I’m divorced and my child now, years on, has a stepfather and stepmother. She likes my husband, gets on well with him. She ADORES her stepmother, and her time with her father is greatly enhanced by her stepmother being there. When her father was still “just dating” she used to come home and tell me all about how she thought the two of them should get married.

After 10 years of split and 7 and 6 of re-marriage, everyone’s still happy and no drama.

That’s not to say it’ll stay that way - one should never be complacent. One thing that’s important to me is being completely independent financially. I see so many women on MN where splitting up is made a harder decision by the practicalities. In my case, if I want to split up with my second husband, I can, no practical difficulty at all. I’ve also always limited his role in my child’s life. He is another positive and caring adult in her family - he is NOT a second father.

So who knows if things will continue to go well. I’m not sharing this to be smug, just to balance the stories.

Of course I’m biased, but I’ve got a teen who chatters about her wonderful stepmother quite openly with me, so I think she’s pretty genuine about it all.

StorageIngredients · 21/09/2021 11:10

I'm fairly recently bereaved and nowhere near to wanting to date so maybe I'm not qualified to speak yet, but my DC are adults and I can't imagine any kind if cohabiting arrangement.

I'd like to think there might be a partner, shared holidays etc in the future but I don't know why you'd live with someone or combine finances (which living together must do to some extent) once the shared childcare years are gone, if you have children.

BeatrixNotter · 21/09/2021 11:17

My exh did a similar thing - we were already split up but living in the same house, so not cheating, but had a women turning up at all hours and banging on the windows etc.

Ridiculous isn't it. I would never make such a show of myself by turning up anywhere that there are children, and causing a scene with anti-social behaviour.

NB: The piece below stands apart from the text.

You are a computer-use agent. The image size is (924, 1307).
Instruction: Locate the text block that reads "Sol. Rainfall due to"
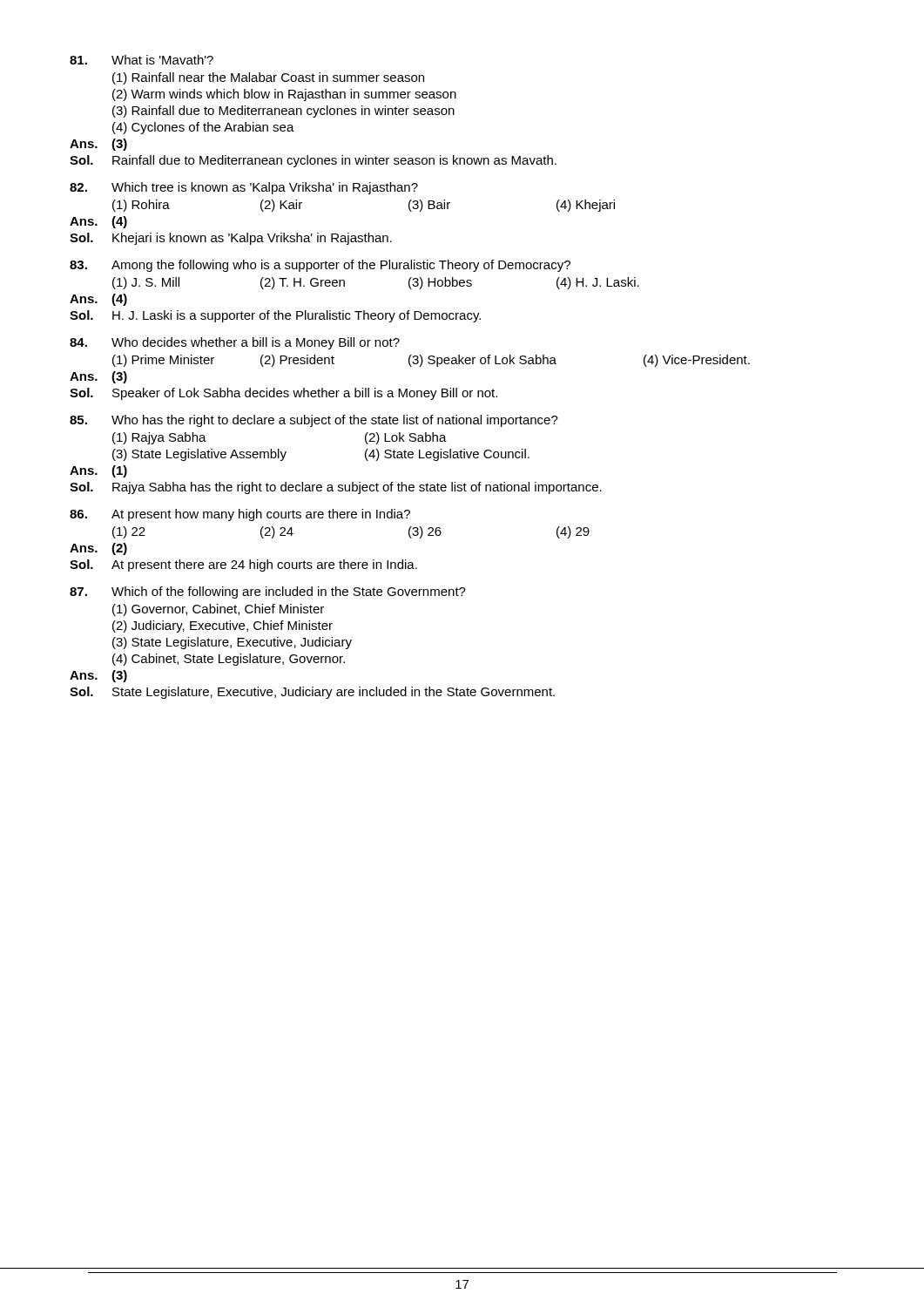click(462, 160)

He actively introduced my children to this woman when they were having an affair and took them to her house. A little baby of 6 months old and a disabled toddler. If he did end up in a relationship with her would I hell be allowing him to have her as part of contact. He would have to take me to court.

I'm very sorry for your loss, Storage Flowers

OP posts:
Noshowlomo · 21/09/2021 11:19

Hell yeah. And my DH is a lovely lovely man so I know they’re out there but if we split for any reason then I’d be single forever. It sounds quite nice actually 🙈

Cocomarine · 21/09/2021 11:32

I’m sorry for your loss, @StorageIngredients
My second husband is a widower and we have no shared children. He’s also a snorer, so frankly I often wish we didn’t live together! But we wanted to live together because we wanted to easily see each other every day, and fully combine our lives. When you first married your husband, did you do it only in anticipation of having children?
Incidentally, we have no combined finances. Suits us and works fine.

CatJumperTwat · 21/09/2021 11:36

One thing to note is that the parents of children in 'blended' families often say it works fine and the children are very happy. The children in these families usually say the opposite, but they don't want to upset their parent. Most children don't want unrelated people moving in their home, especially other kids.